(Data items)
════════════════
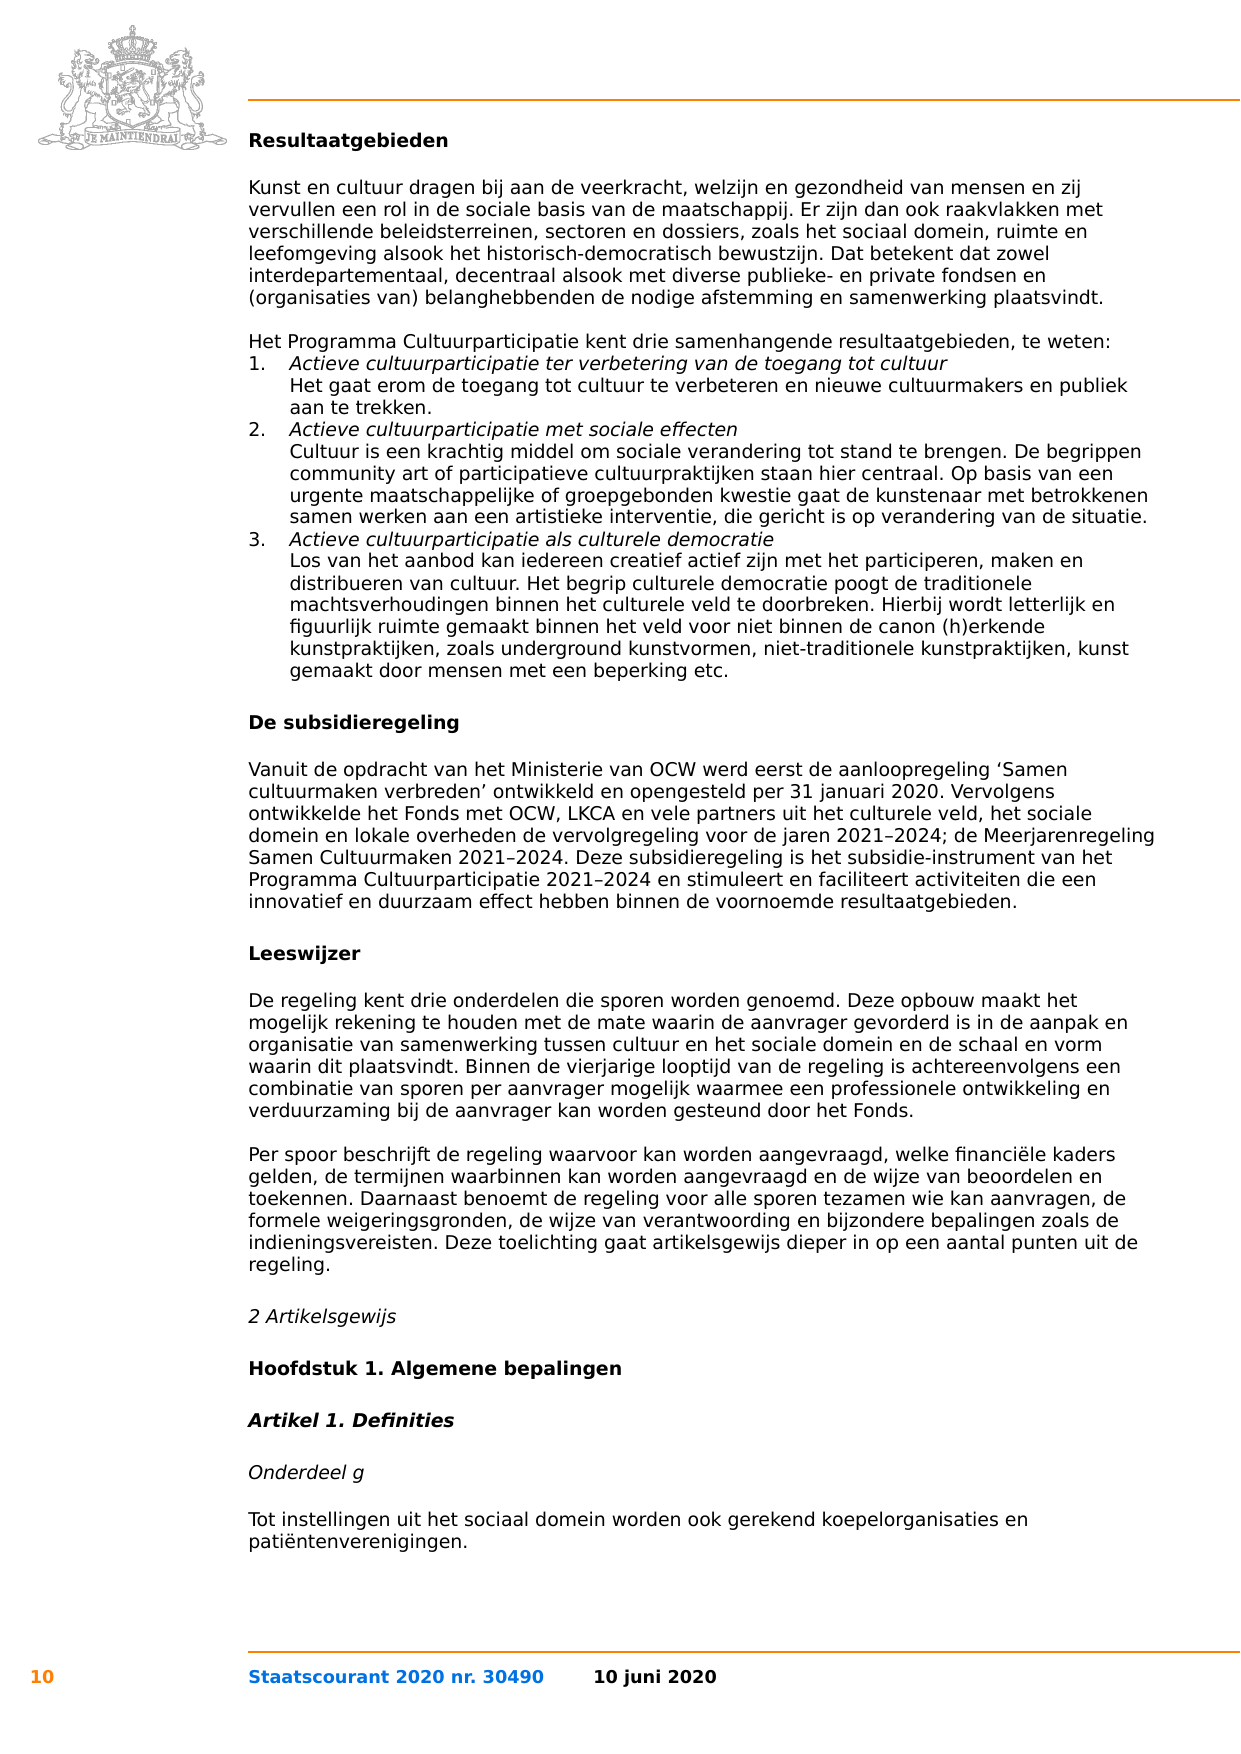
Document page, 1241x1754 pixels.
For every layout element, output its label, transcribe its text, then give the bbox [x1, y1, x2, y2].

subtitle Hoofdstuk 1. Algemene bepalingen [248, 1358, 1163, 1380]
text Het Programma Cultuurparticipatie kent drie samenhangende resultaatgebieden, te weten: [248, 331, 1163, 353]
subtitle De subsidieregeling [248, 712, 1163, 734]
text De regeling kent drie onderdelen die sporen worden genoemd. Deze opbouw maakt het mogelijk rekening te houden met de mate waarin de aanvrager gevorderd is in de aanpak en organisatie van samenwerking tussen cultuur en het sociale domein en de schaal en vorm waarin dit plaatsvindt. Binnen de vierjarige looptijd van de regeling is achtereenvolgens een combinatie van sporen per aanvrager mogelijk waarmee een professionele ontwikkeling en verduurzaming bij de aanvrager kan worden gesteund door het Fonds. [248, 990, 1163, 1122]
subtitle Leeswijzer [248, 943, 1163, 965]
text 3. Actieve cultuurparticipatie als culturele democratie [248, 528, 1163, 550]
subtitle 2 Artikelsgewijs [248, 1306, 1163, 1328]
picture [38, 25, 227, 150]
text Cultuur is een krachtig middel om sociale verandering tot stand te brengen. De begrippen community art of participatieve cultuurpraktijken staan hier centraal. Op basis van een urgente maatschappelijke of groepgebonden kwestie gaat de kunstenaar met betrokkenen samen werken aan een artistieke interventie, die gericht is op verandering van de situatie. [289, 441, 1163, 528]
text Kunst en cultuur dragen bij aan de veerkracht, welzijn en gezondheid van mensen en zij vervullen een rol in de sociale basis van de maatschappij. Er zijn dan ook raakvlakken met verschillende beleidsterreinen, sectoren en dossiers, zoals het sociaal domein, ruimte en leefomgeving alsook het historisch-democratisch bewustzijn. Dat betekent dat zowel interdepartementaal, decentraal alsook met diverse publieke- en private fondsen en (organisaties van) belanghebbenden de nodige afstemming en samenwerking plaatsvindt. [248, 177, 1163, 309]
text 1. Actieve cultuurparticipatie ter verbetering van de toegang tot cultuur [248, 353, 1163, 374]
text Het gaat erom de toegang tot cultuur te verbeteren en nieuwe cultuurmakers en publiek aan te trekken. [289, 374, 1163, 418]
text Vanuit de opdracht van het Ministerie van OCW werd eerst de aanloopregeling ‘Samen cultuurmaken verbreden’ ontwikkeld en opengesteld per 31 januari 2020. Vervolgens ontwikkelde het Fonds met OCW, LKCA en vele partners uit het culturele veld, het sociale domein en lokale overheden de vervolgregeling voor de jaren 2021–2024; de Meerjarenregeling Samen Cultuurmaken 2021–2024. Deze subsidieregeling is het subsidie-instrument van het Programma Cultuurparticipatie 2021–2024 en stimuleert en faciliteert activiteiten die een innovatief en duurzaam effect hebben binnen de voornoemde resultaatgebieden. [248, 759, 1163, 913]
subtitle Resultaatgebieden [248, 130, 1163, 152]
subtitle Onderdeel g [248, 1462, 1163, 1484]
text 2. Actieve cultuurparticipatie met sociale effecten [248, 418, 1163, 441]
text Los van het aanbod kan iedereen creatief actief zijn met het participeren, maken en distribueren van cultuur. Het begrip culturele democratie poogt de traditionele machtsverhoudingen binnen het culturele veld te doorbreken. Hierbij wordt letterlijk en figuurlijk ruimte gemaakt binnen het veld voor niet binnen de canon (h)erkende kunstpraktijken, zoals underground kunstvormen, niet-traditionele kunstpraktijken, kunst gemaakt door mensen met een beperking etc. [289, 550, 1163, 682]
subtitle Artikel 1. Definities [248, 1410, 1163, 1432]
text Tot instellingen uit het sociaal domein worden ook gerekend koepelorganisaties en patiëntenverenigingen. [248, 1509, 1163, 1553]
text Per spoor beschrijft de regeling waarvoor kan worden aangevraagd, welke financiële kaders gelden, de termijnen waarbinnen kan worden aangevraagd en de wijze van beoordelen en toekennen. Daarnaast benoemt de regeling voor alle sporen tezamen wie kan aanvragen, de formele weigeringsgronden, de wijze van verantwoording en bijzondere bepalingen zoals de indieningsvereisten. Deze toelichting gaat artikelsgewijs dieper in op een aantal punten uit de regeling. [248, 1144, 1163, 1276]
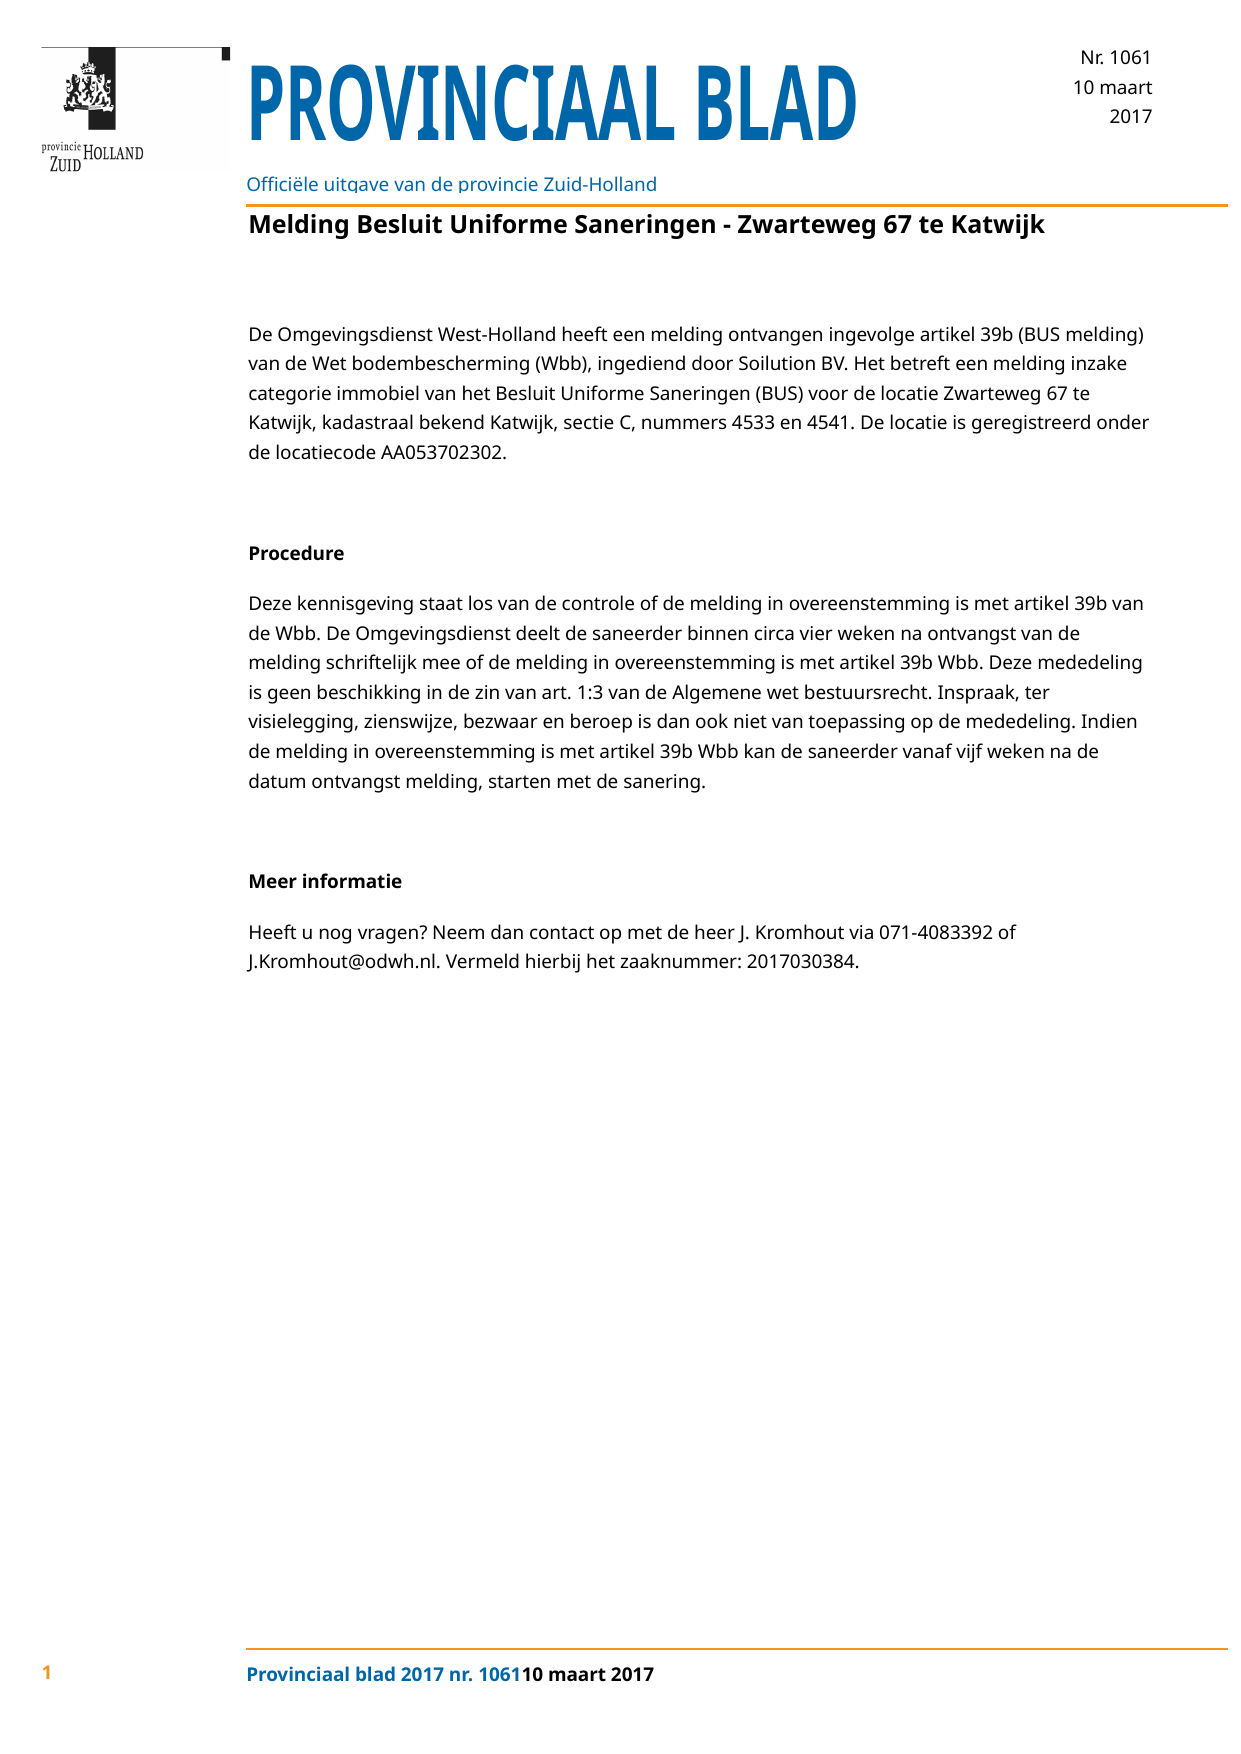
════════════════
◆ Exercise prompt: Repeat the records in full, precisely, and keep the pictures out.

◆ Exercise solution:
Document page, 1241x1754 pixels.
For every layout element, output its label, transcribe its text, then give the bbox [x1, y1, x2, y2].

subtitle Hoofdstuk 1. Algemene bepalingen [248, 1358, 1163, 1380]
text Het Programma Cultuurparticipatie kent drie samenhangende resultaatgebieden, te weten: [248, 331, 1163, 353]
subtitle De subsidieregeling [248, 712, 1163, 734]
text De regeling kent drie onderdelen die sporen worden genoemd. Deze opbouw maakt het mogelijk rekening te houden met de mate waarin de aanvrager gevorderd is in de aanpak en organisatie van samenwerking tussen cultuur en het sociale domein en de schaal en vorm waarin dit plaatsvindt. Binnen de vierjarige looptijd van de regeling is achtereenvolgens een combinatie van sporen per aanvrager mogelijk waarmee een professionele ontwikkeling en verduurzaming bij de aanvrager kan worden gesteund door het Fonds. [248, 990, 1163, 1122]
subtitle Leeswijzer [248, 943, 1163, 965]
text 3. Actieve cultuurparticipatie als culturele democratie [248, 528, 1163, 550]
subtitle 2 Artikelsgewijs [248, 1306, 1163, 1328]
picture [38, 25, 227, 150]
text Cultuur is een krachtig middel om sociale verandering tot stand te brengen. De begrippen community art of participatieve cultuurpraktijken staan hier centraal. Op basis van een urgente maatschappelijke of groepgebonden kwestie gaat de kunstenaar met betrokkenen samen werken aan een artistieke interventie, die gericht is op verandering van de situatie. [289, 441, 1163, 528]
text Kunst en cultuur dragen bij aan de veerkracht, welzijn en gezondheid van mensen en zij vervullen een rol in de sociale basis van de maatschappij. Er zijn dan ook raakvlakken met verschillende beleidsterreinen, sectoren en dossiers, zoals het sociaal domein, ruimte en leefomgeving alsook het historisch-democratisch bewustzijn. Dat betekent dat zowel interdepartementaal, decentraal alsook met diverse publieke- en private fondsen en (organisaties van) belanghebbenden de nodige afstemming en samenwerking plaatsvindt. [248, 177, 1163, 309]
text 1. Actieve cultuurparticipatie ter verbetering van de toegang tot cultuur [248, 353, 1163, 374]
text Het gaat erom de toegang tot cultuur te verbeteren en nieuwe cultuurmakers en publiek aan te trekken. [289, 374, 1163, 418]
text Vanuit de opdracht van het Ministerie van OCW werd eerst de aanloopregeling ‘Samen cultuurmaken verbreden’ ontwikkeld en opengesteld per 31 januari 2020. Vervolgens ontwikkelde het Fonds met OCW, LKCA en vele partners uit het culturele veld, het sociale domein en lokale overheden de vervolgregeling voor de jaren 2021–2024; de Meerjarenregeling Samen Cultuurmaken 2021–2024. Deze subsidieregeling is het subsidie-instrument van het Programma Cultuurparticipatie 2021–2024 en stimuleert en faciliteert activiteiten die een innovatief en duurzaam effect hebben binnen de voornoemde resultaatgebieden. [248, 759, 1163, 913]
subtitle Resultaatgebieden [248, 130, 1163, 152]
subtitle Onderdeel g [248, 1462, 1163, 1484]
text 2. Actieve cultuurparticipatie met sociale effecten [248, 418, 1163, 441]
text Los van het aanbod kan iedereen creatief actief zijn met het participeren, maken en distribueren van cultuur. Het begrip culturele democratie poogt de traditionele machtsverhoudingen binnen het culturele veld te doorbreken. Hierbij wordt letterlijk en figuurlijk ruimte gemaakt binnen het veld voor niet binnen de canon (h)erkende kunstpraktijken, zoals underground kunstvormen, niet-traditionele kunstpraktijken, kunst gemaakt door mensen met een beperking etc. [289, 550, 1163, 682]
subtitle Artikel 1. Definities [248, 1410, 1163, 1432]
text Tot instellingen uit het sociaal domein worden ook gerekend koepelorganisaties en patiëntenverenigingen. [248, 1509, 1163, 1553]
text Per spoor beschrijft de regeling waarvoor kan worden aangevraagd, welke financiële kaders gelden, de termijnen waarbinnen kan worden aangevraagd en de wijze van beoordelen en toekennen. Daarnaast benoemt de regeling voor alle sporen tezamen wie kan aanvragen, de formele weigeringsgronden, de wijze van verantwoording en bijzondere bepalingen zoals de indieningsvereisten. Deze toelichting gaat artikelsgewijs dieper in op een aantal punten uit de regeling. [248, 1144, 1163, 1276]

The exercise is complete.